PROVIDED ENTRIES
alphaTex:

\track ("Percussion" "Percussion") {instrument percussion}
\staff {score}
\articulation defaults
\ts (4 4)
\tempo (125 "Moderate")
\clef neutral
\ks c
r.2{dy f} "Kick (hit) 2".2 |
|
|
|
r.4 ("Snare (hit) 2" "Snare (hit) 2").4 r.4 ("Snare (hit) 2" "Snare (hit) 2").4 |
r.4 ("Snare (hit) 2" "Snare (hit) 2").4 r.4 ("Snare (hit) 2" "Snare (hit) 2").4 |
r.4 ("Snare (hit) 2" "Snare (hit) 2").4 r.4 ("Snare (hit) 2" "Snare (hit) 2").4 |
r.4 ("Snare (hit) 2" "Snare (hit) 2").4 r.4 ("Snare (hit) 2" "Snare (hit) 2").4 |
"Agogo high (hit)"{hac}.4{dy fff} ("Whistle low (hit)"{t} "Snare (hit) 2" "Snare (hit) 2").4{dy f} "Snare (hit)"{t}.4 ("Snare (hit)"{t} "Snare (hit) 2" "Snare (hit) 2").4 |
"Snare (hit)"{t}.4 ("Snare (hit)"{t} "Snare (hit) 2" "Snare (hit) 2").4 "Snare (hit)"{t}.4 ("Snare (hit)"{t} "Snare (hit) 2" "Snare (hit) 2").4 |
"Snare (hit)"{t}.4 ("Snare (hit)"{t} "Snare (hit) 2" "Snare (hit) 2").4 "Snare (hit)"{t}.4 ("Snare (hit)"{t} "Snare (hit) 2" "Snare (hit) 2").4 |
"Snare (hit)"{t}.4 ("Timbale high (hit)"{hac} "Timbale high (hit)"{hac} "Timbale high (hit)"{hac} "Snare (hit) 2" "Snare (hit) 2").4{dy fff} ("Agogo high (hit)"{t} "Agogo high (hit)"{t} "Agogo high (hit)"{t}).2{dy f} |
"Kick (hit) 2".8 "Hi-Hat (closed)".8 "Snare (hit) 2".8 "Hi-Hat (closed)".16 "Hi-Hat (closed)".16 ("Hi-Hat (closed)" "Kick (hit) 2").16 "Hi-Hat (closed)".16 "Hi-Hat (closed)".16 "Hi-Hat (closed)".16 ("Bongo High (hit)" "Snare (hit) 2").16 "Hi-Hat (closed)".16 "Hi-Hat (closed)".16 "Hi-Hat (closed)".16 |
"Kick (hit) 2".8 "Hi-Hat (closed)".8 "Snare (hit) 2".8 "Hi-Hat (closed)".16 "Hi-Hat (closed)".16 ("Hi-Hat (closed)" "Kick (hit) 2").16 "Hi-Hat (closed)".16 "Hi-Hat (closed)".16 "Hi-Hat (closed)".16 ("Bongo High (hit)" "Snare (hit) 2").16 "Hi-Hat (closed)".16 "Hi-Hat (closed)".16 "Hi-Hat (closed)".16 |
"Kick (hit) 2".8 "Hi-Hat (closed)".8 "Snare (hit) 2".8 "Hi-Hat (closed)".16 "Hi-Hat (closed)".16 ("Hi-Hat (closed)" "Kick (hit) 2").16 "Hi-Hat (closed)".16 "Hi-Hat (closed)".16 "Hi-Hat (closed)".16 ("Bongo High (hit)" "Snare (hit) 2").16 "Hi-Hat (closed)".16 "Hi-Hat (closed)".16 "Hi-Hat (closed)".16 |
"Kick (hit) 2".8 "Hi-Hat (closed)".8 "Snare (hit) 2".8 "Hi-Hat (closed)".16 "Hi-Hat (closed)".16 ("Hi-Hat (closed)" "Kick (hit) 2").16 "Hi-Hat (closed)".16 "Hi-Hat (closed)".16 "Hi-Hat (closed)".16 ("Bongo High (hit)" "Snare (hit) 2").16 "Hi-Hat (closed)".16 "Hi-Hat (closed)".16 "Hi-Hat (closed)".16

WHAT TO PRODUCE
Give the number of lines in the data that contain the string "Agogo" and nothing more.

WRITTEN SOLUTION
2